===== EXCERPTED RECORDS =====

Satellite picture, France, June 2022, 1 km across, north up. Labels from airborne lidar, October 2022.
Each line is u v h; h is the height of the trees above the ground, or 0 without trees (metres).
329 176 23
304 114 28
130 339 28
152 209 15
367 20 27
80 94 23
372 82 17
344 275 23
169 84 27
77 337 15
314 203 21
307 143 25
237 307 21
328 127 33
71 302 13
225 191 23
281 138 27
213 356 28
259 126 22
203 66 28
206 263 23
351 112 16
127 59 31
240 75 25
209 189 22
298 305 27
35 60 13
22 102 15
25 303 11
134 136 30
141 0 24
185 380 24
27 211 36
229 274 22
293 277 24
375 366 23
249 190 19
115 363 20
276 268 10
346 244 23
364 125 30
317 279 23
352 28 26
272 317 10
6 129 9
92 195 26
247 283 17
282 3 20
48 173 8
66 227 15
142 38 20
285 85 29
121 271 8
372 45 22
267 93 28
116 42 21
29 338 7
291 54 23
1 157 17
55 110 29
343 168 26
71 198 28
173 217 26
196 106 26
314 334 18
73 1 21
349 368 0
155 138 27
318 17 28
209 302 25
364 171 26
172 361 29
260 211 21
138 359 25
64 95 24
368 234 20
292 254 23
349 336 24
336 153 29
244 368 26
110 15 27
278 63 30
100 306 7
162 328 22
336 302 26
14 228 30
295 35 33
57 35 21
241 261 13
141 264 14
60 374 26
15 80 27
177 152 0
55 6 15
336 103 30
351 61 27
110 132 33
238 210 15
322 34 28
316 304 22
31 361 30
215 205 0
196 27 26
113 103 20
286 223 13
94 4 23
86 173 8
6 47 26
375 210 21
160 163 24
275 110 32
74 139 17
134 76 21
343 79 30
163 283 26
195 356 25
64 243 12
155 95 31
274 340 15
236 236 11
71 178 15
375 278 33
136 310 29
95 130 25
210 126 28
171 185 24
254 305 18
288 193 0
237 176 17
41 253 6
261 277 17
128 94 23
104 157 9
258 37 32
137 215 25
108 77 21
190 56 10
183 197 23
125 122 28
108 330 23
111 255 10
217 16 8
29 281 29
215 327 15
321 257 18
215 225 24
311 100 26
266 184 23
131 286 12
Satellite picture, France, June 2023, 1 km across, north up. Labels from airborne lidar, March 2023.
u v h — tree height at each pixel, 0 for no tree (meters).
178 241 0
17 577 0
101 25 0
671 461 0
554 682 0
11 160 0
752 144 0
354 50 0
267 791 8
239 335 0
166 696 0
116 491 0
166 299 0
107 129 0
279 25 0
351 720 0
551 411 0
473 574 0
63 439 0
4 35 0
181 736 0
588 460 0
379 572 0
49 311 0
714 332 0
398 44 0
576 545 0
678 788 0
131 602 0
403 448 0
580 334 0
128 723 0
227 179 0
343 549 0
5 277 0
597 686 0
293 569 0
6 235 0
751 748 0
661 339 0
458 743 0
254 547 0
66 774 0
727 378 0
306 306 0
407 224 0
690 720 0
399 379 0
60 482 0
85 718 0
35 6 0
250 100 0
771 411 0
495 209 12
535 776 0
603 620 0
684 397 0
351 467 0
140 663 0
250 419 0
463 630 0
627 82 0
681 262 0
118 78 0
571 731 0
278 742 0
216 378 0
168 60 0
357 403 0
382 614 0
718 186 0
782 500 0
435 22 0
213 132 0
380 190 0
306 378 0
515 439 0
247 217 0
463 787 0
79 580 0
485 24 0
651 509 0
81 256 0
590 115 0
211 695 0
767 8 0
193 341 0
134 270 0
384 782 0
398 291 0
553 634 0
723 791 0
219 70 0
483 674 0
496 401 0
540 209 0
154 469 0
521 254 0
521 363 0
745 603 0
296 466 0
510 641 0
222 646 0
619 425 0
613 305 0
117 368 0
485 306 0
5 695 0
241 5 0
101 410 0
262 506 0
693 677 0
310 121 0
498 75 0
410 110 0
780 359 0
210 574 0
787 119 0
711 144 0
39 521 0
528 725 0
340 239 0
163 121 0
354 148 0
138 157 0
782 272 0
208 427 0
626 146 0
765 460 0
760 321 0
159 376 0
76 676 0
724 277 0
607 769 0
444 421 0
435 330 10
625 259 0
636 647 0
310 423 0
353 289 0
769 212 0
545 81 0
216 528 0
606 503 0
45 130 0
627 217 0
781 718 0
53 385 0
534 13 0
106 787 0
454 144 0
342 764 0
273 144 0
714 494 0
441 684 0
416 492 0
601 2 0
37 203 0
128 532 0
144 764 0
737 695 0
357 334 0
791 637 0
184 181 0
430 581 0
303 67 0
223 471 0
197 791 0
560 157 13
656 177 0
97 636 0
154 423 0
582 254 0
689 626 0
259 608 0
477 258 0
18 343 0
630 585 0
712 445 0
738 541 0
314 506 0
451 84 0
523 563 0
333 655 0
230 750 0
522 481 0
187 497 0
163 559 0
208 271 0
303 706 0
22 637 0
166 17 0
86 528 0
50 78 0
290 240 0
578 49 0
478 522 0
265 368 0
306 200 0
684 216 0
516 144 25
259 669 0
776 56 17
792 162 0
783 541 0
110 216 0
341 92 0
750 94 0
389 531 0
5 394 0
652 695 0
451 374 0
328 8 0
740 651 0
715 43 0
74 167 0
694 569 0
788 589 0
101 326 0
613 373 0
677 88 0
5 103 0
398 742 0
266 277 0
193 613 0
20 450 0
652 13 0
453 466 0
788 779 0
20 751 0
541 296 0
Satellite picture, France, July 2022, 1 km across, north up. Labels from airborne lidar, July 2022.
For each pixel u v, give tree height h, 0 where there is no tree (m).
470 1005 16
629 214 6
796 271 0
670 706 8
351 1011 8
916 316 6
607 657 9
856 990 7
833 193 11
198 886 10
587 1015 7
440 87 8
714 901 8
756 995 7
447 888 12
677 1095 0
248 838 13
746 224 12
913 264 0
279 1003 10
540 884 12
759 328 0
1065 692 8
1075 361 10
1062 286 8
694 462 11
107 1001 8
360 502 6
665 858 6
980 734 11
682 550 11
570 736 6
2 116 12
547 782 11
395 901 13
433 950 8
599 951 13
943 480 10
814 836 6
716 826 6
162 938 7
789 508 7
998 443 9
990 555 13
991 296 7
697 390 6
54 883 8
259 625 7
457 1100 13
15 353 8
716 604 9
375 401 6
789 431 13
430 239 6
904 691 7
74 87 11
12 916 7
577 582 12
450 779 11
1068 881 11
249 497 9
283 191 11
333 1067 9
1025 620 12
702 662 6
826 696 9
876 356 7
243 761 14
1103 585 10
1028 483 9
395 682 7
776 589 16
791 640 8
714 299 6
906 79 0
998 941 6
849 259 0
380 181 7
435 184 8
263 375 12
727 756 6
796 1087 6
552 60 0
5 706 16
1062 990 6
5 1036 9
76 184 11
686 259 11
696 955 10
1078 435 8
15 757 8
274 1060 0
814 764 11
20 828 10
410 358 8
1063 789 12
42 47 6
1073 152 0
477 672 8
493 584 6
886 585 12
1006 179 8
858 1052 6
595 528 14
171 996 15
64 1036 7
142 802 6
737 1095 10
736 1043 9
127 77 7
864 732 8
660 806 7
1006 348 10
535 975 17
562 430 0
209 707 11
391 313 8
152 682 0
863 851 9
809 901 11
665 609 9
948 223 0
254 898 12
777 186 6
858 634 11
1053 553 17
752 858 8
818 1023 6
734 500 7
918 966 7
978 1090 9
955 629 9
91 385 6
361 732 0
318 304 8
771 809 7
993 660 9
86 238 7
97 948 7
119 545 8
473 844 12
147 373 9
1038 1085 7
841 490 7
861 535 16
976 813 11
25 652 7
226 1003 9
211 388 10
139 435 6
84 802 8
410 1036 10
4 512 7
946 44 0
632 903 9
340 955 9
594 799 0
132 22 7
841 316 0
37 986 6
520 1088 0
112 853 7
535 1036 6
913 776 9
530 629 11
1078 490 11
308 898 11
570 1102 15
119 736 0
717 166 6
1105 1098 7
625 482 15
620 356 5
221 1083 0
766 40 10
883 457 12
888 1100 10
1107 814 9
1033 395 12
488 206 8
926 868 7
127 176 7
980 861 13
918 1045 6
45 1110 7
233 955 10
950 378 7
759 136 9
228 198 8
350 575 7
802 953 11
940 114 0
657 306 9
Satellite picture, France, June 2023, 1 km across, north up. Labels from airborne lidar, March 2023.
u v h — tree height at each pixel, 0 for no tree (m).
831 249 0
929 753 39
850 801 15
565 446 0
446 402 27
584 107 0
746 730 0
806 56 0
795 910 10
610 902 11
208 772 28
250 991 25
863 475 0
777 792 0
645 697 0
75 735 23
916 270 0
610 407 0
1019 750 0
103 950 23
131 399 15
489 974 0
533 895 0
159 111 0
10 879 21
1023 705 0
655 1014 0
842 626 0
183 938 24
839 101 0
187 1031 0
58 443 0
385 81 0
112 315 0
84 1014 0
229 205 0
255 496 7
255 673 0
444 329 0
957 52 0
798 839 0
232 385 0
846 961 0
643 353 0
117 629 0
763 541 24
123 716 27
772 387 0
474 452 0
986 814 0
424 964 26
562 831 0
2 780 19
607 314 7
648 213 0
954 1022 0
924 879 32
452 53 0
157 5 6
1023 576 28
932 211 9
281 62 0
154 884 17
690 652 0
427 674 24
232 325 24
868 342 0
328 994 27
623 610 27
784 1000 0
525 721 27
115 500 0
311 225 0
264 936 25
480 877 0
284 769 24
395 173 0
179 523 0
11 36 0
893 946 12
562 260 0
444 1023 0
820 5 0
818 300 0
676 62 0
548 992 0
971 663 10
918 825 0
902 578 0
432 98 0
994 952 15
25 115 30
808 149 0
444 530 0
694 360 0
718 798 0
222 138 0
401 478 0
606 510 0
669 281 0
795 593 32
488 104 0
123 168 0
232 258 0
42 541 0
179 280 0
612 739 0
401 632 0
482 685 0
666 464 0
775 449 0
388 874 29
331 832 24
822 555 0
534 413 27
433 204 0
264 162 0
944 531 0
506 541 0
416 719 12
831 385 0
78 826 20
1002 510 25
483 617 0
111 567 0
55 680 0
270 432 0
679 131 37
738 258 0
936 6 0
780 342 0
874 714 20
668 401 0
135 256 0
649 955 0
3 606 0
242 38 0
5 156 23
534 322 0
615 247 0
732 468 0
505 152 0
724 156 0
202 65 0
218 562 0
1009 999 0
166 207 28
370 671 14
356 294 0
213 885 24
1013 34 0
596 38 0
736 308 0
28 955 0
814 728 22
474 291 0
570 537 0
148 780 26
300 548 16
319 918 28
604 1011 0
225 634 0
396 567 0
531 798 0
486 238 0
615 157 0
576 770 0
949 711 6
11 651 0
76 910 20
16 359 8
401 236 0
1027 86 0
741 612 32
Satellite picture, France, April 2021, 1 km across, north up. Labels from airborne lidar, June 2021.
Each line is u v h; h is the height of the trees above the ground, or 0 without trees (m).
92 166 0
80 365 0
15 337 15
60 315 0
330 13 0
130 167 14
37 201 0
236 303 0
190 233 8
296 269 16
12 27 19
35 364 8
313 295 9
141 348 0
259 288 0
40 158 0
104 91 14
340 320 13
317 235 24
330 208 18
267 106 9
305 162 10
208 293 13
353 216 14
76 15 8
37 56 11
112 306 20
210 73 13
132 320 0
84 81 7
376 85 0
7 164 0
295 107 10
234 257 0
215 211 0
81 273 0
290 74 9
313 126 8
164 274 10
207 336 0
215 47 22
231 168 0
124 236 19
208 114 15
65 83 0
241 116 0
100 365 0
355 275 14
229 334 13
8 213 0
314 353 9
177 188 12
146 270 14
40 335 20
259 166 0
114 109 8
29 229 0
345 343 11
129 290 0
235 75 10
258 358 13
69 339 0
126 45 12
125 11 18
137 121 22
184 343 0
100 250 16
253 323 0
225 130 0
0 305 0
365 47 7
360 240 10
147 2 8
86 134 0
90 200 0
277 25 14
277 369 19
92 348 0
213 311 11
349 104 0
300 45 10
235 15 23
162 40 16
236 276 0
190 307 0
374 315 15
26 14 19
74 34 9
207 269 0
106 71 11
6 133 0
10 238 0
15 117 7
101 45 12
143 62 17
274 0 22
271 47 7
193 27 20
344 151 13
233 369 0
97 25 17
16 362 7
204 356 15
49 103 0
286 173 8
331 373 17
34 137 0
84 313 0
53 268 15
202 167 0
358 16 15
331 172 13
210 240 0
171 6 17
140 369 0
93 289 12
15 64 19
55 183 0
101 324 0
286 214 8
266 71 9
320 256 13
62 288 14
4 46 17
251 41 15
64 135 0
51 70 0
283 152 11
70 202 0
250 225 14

=====

[EXERCISE OBJECTIVE] Copy out each line of the data in which the word "ground" appears.

[SOLUTION BELOW]
Each line is u v h; h is the height of the trees above the ground, or 0 without trees (metres).
Each line is u v h; h is the height of the trees above the ground, or 0 without trees (m).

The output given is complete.